Потемкин прекрасно понимал, что своим высоким положением он всецело обязан милости императрицы. "Я — плод твоих рук", — признавался он ей от чистого сердца. Все же его гордость не могла смириться с этим. Разве он не был мужчиной, которому от природы дано право господствовать? Разве ее титул императрицы не препятствовал его продвижению и гармонии между ними? Французский дипломат де Корберон, находившийся в 1775 году при дворе Екатерины, вспоминал, как Потемкина "раздувало от гордыни и себялюбия", но такие черты его характера, как "веселость, доступность, сговорчивость", отодвигались в тень, уступая место не столь привлекательному сластолюбию, "азиатской вкрадчивости" и явной пассивности.

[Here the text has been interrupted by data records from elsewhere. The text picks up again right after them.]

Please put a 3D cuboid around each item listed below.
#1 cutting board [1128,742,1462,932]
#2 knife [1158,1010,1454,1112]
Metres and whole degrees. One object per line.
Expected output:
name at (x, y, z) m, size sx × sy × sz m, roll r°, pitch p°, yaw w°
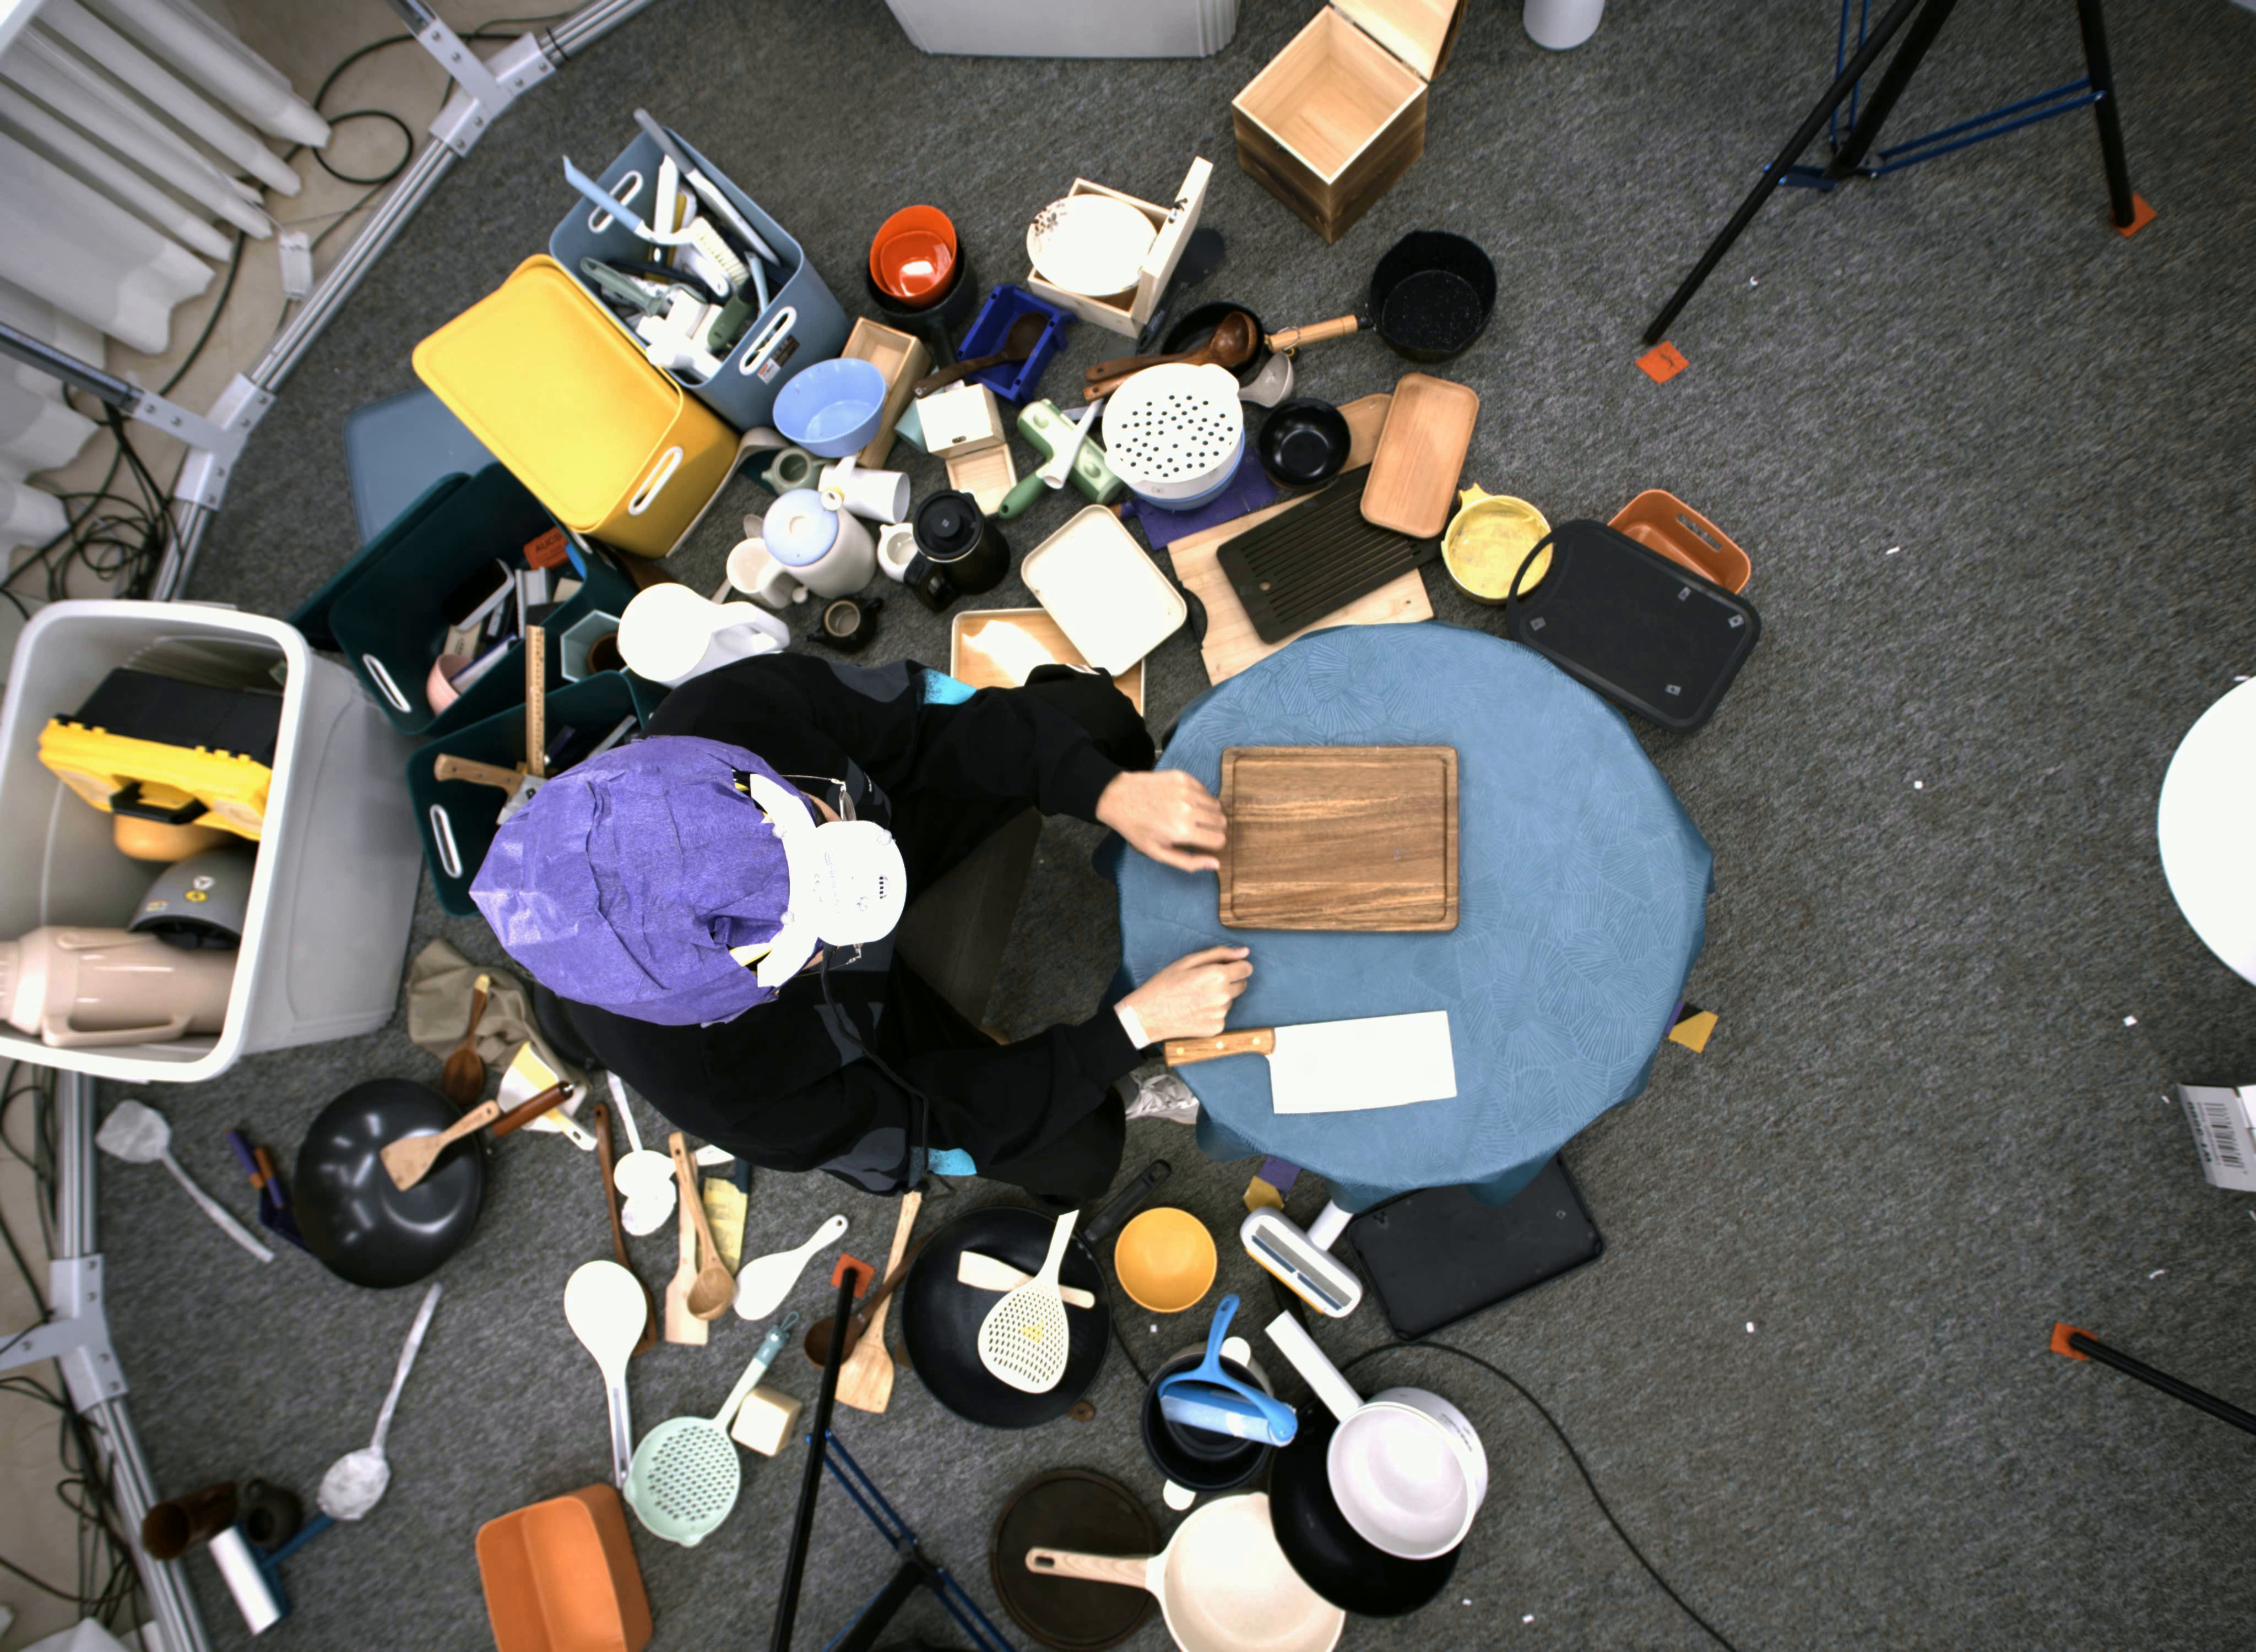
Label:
cutting board at (0.174, 0.012, 1.471) m, size 0.353 × 0.023 × 0.200 m, roll 0°, pitch 87°, yaw 11°
knife at (0.187, 0.251, 1.458) m, size 0.307 × 0.021 × 0.092 m, roll -7°, pitch 87°, yaw 8°

Борьба за первенство, как в делах любовных, так и в сфере управления империей, стала причиной разногласий между Потемкиным и царицей.
"Мы всегда боремся за власть, но никогда за любовь", — писала Екатерина в одной из своих записок.
Могущественный, роскошный и богатый, а в цветущем возрасте и красавец, князь представлял лакомую приманку для женщин, в особенности для искательниц приключений и тщеславных дочерей Евы, пленявшихся мыслью — приобрести земные блага, обаяв временщика. И действительно, конец XVIII века, так отличавшийся обилием ловеласов и развратниц, имел в нем одного из самых блестящих и счастливых донжуанов. У князя были десятки любовных романов. Обладая громадными средствами и могуществом, он беспрепятственно мог удовлетворять свои желания.
Как можно осуждать любвеобильность князя в те времена, когда светское общество осуждало, насмехалось над теми дамами, у кого не было любовника, независимо от семейного положения? Таковы были нравы. А тут такой холостой и богатейший
Он закатывал роскошные балы, устраивал невиданные фейерверки, оплачивал концерты и пиры. Сам он выглядел сиятельной персоной. На официальных встречах появлялся в маршальском мундире, "задыхаясь от количества наград и бриллиантов - писал Сегюр, - задрапированный в кружево и шитье, с напудренными и уложенными локонами волосами".
Невзирая на видимую праздность, Потемкин не дремал и был с головой в работе. Он встречался с чиновниками, рассылал и получал донесения, вел неофициальные переговоры, играл в шахматы с послами, словом, делал все, чтобы приблизиться к той цели, которую они с императрицей перед собой поставили. По словам Сегюра, Потемкин был способен одновременно работать над десятком проектов, при этом, не подавая виду, что он очень занят. Он мог наблюдать за строительными и сельскохозяйственными делами, отдавать приказы гражданским и военным чиновникам, вникая в бесконечную череду разных начинаний.
Встретив со стороны мужа сопротивление в своих ухаживаниях за княгиней, Потемкин при всех схватил несчастного за аксельбанты и поднял в воздух, крича: "Негодяй, я тебе дал эти аксельбанты, как другим: и никаких у тебя особых заслуг для этого не было. Все вы дрянь, и я могу делать, что хочу, с вами и со всем, что у вас есть!".
Князь Григорий Александрович Потемкин-Таврический имел прекрасную, мужественную наружность, крепкое сложение тела, рост величественный. В молодых летах повредил он себе один глаз, но это не уменьшало красоты лица его. Он выходил из круга обыкновенных людей своего века, отличаясь разительными противоположностями: любил простоту и пышность; был горд и обходителен; хитр и доверчив; скрытен и откровенен; расточителен и часто скуп; с жестокостью соединял сострадание, робость с отважностью. Ничто не могло равняться с деятельностью его воображения и его телесною леностью.
Г.А. Потемкин применял разные модели поведения, в зависимости от ситуации. Во многом, этим он учил.
Он держался мягко и уважительно с людьми простыми и незначительными, снисходителен и добр с подчиненными. Бранных, ругательных слов от него никто не слышал, в нем не было того, что привыкли называть спесью. Не терпел ложь. Наказание подчиненного за обман следовало жесткое, если не сказать, жестокое. Специально проигрывал в карты, чтобы помочь нуждающемуся. Терпеть не мог подхалимов.
В его делах, удовольствиях, нраве, походке - приметен был какой-то беспорядок. Иногда мечтал он о герцогстве Курляндском, короне польской; в другое время желал быть архиереем, простым монахом; строил великолепные дворцы и, не окончив, продавал оные; посылал курьеров в отдаленнейшие места за некоторыми потребностями для своего стола и часто, прежде нежели посланные возвращались, терял охоту отведать привозимое ими.